§ What you have to do:
Exactly as they appear, retype the lines from the one containing "Reply in this" through the final line of the data below. Leave pictures out.
* * * *
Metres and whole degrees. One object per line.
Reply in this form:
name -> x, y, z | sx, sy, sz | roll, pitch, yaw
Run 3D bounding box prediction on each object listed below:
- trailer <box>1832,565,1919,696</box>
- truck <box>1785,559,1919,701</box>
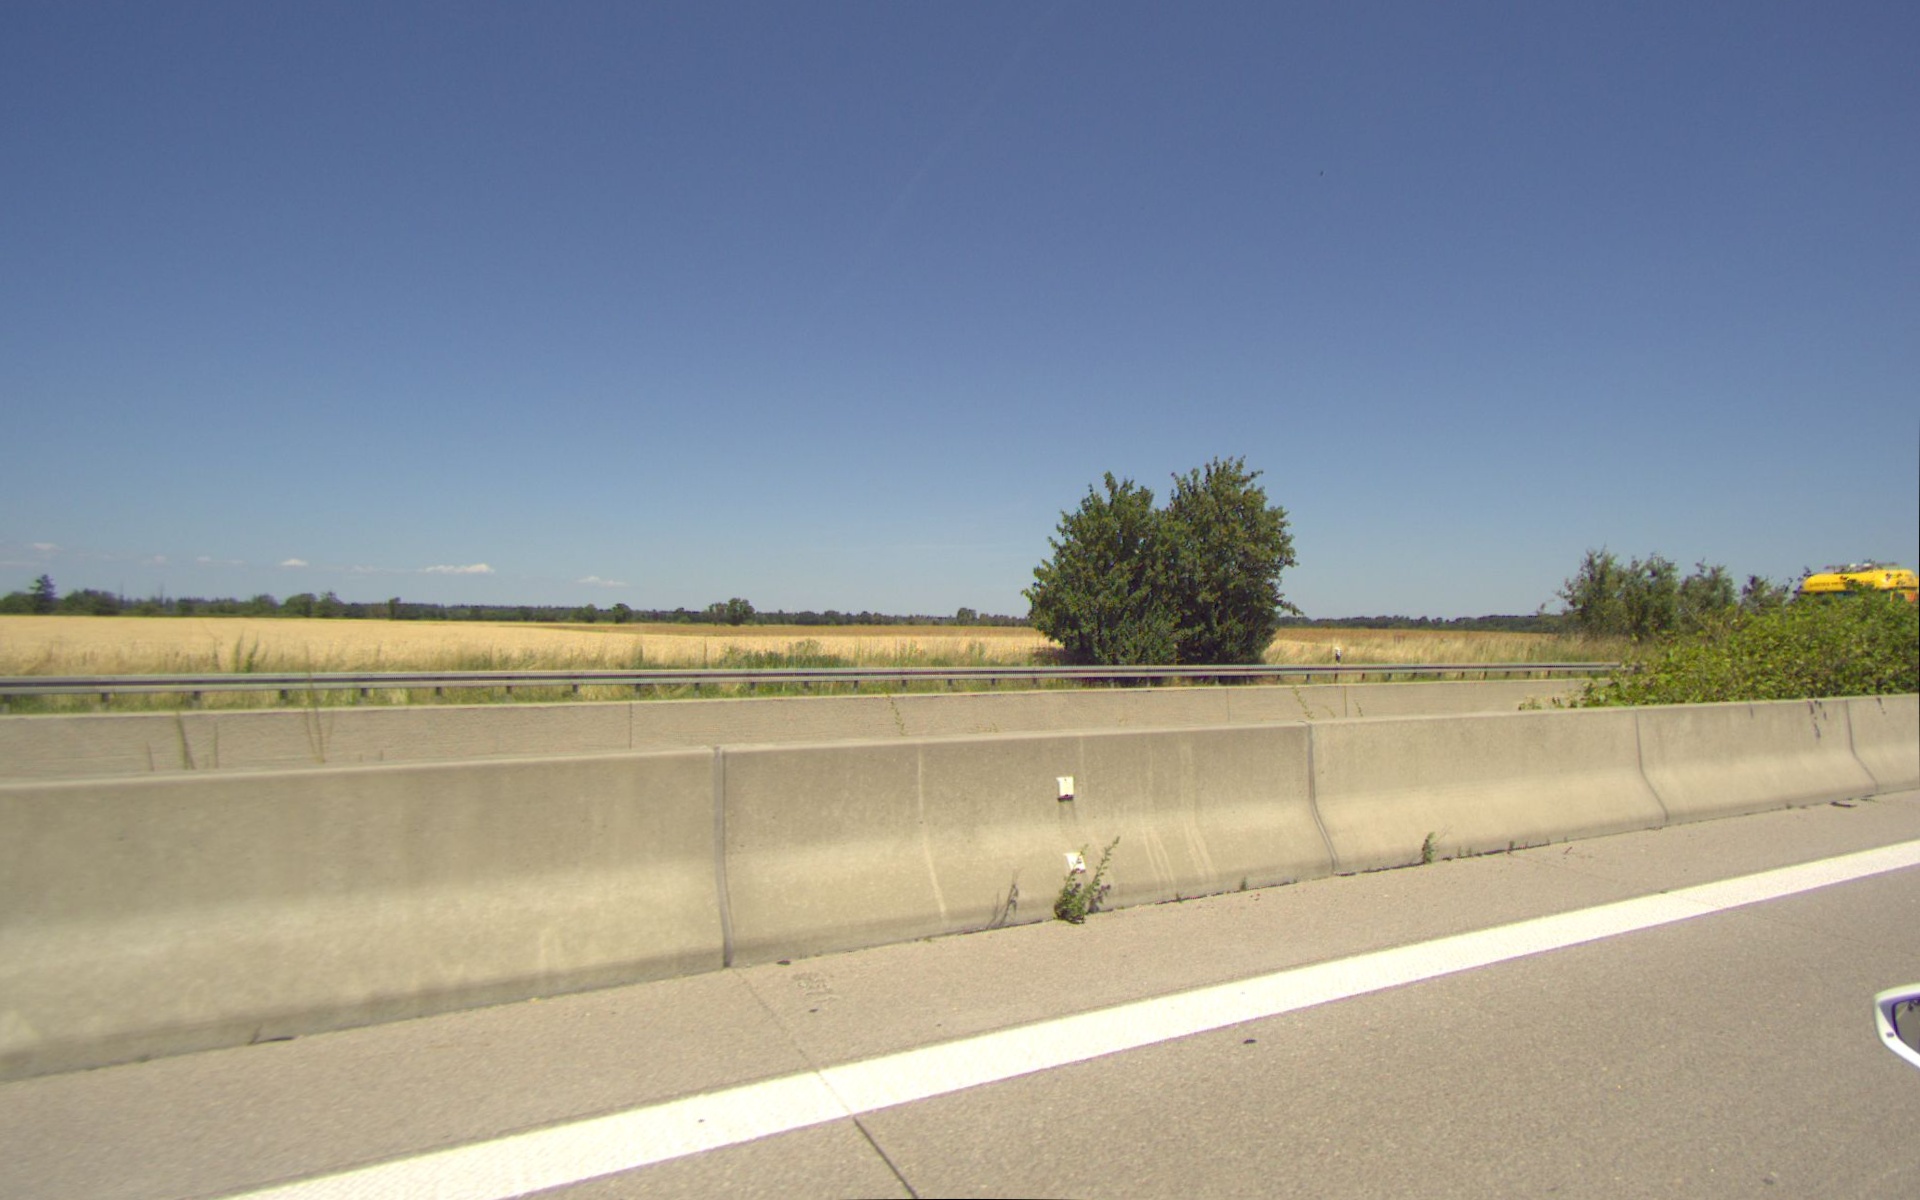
trailer -> 35.902, 1.103, 35.420 | 14.429, 4.093, 2.765 | 2, 1, -28
truck -> 29.144, 0.921, 31.781 | 5.470, 4.134, 2.733 | 1, 1, -28
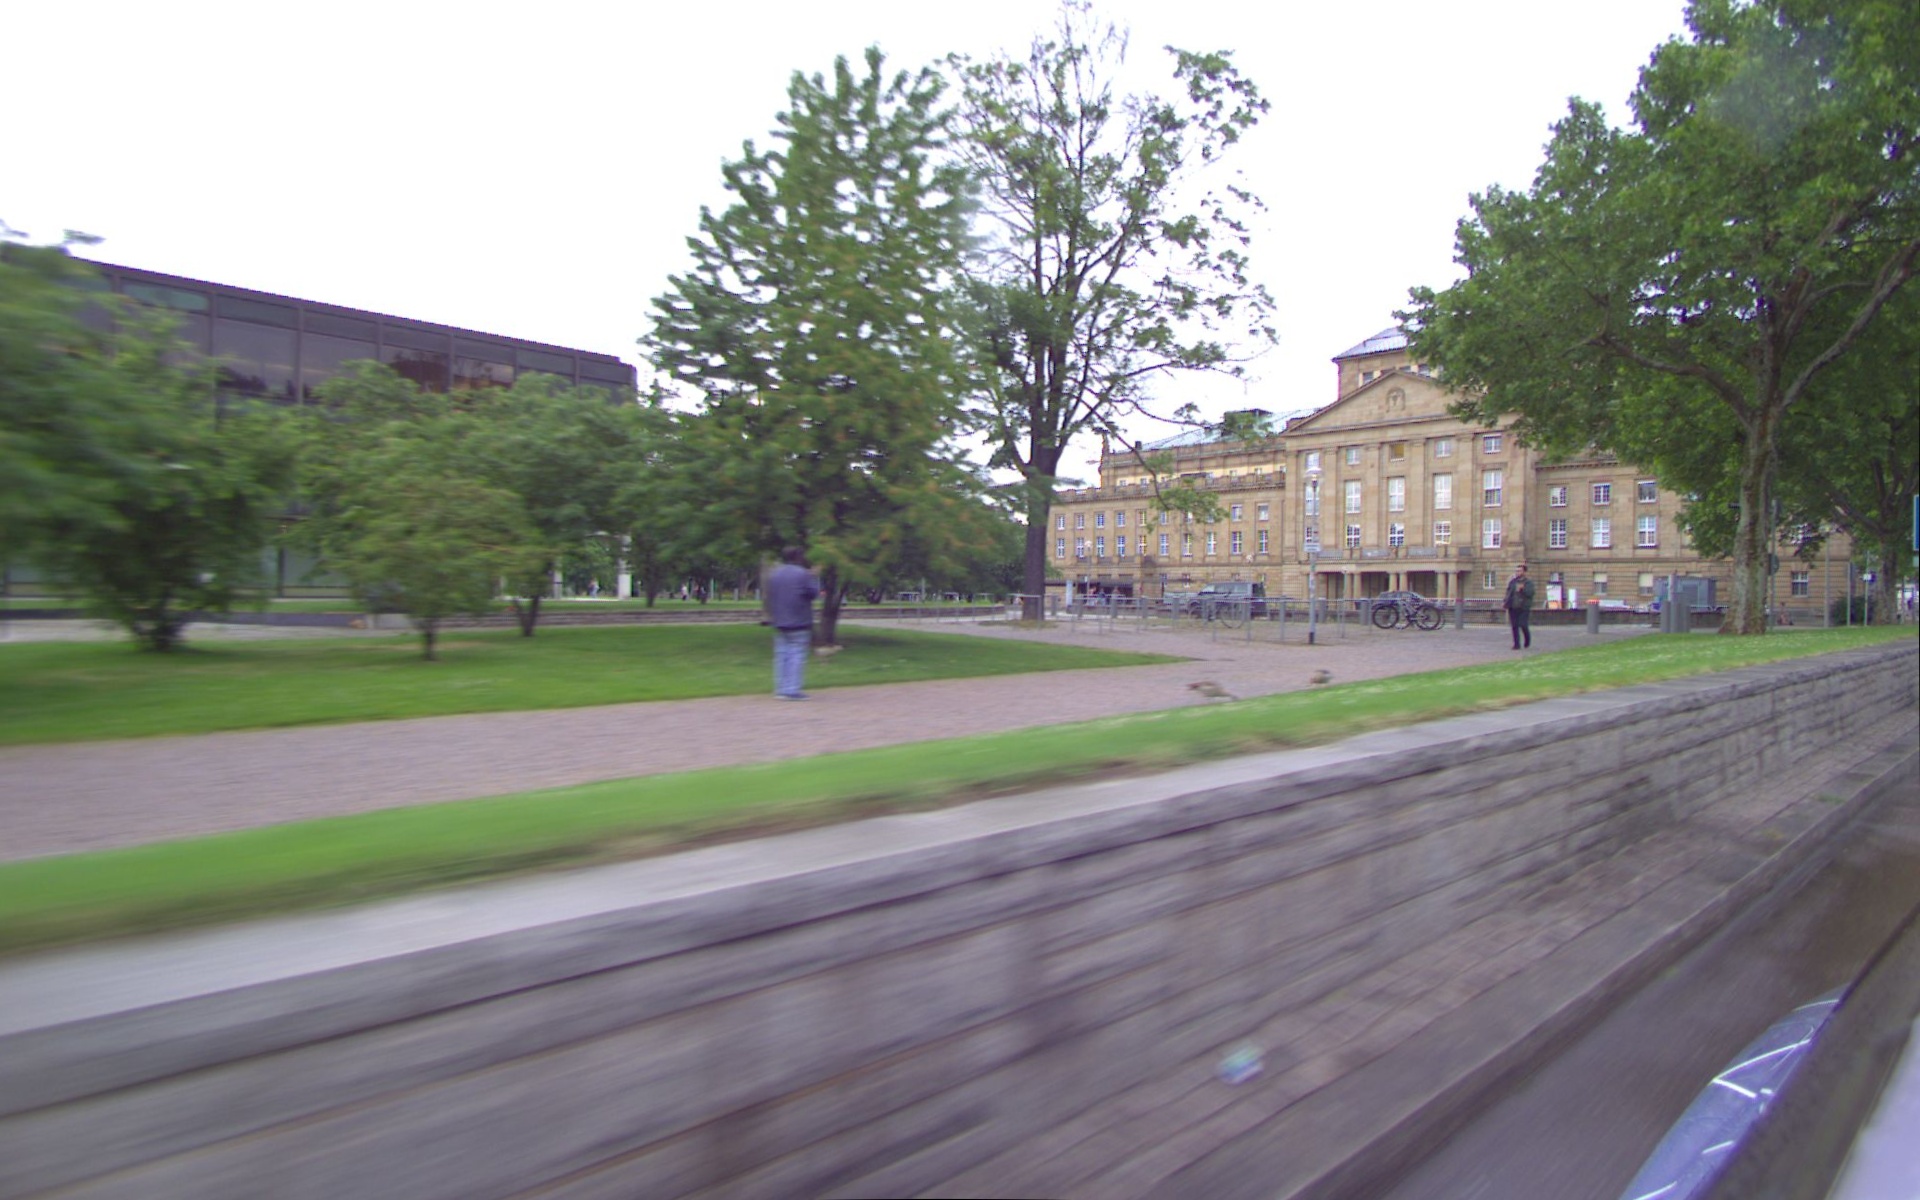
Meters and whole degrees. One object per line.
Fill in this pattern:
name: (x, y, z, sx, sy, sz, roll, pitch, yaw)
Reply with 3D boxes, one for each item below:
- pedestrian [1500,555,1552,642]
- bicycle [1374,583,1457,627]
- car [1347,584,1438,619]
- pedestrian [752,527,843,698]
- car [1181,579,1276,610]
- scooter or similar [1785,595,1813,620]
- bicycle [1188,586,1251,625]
* * * *
§ Exercise response:
Reply in this form:
name -> x, y, z | sx, sy, sz | roll, pitch, yaw
Run 3D bounding box prediction on each object listed below:
- trailer <box>1832,565,1919,696</box>
- truck <box>1785,559,1919,701</box>
trailer -> 35.902, 1.103, 35.420 | 14.429, 4.093, 2.765 | 2, 1, -28
truck -> 29.144, 0.921, 31.781 | 5.470, 4.134, 2.733 | 1, 1, -28
Meters and whole degrees. One object per line.
Fill in this pattern:
name: (x, y, z, sx, sy, sz, roll, pitch, yaw)
Reply with 3D boxes, one for each item below:
- pedestrian [1500,555,1552,642]
- bicycle [1374,583,1457,627]
- car [1347,584,1438,619]
- pedestrian [752,527,843,698]
- car [1181,579,1276,610]
- scooter or similar [1785,595,1813,620]
- bicycle [1188,586,1251,625]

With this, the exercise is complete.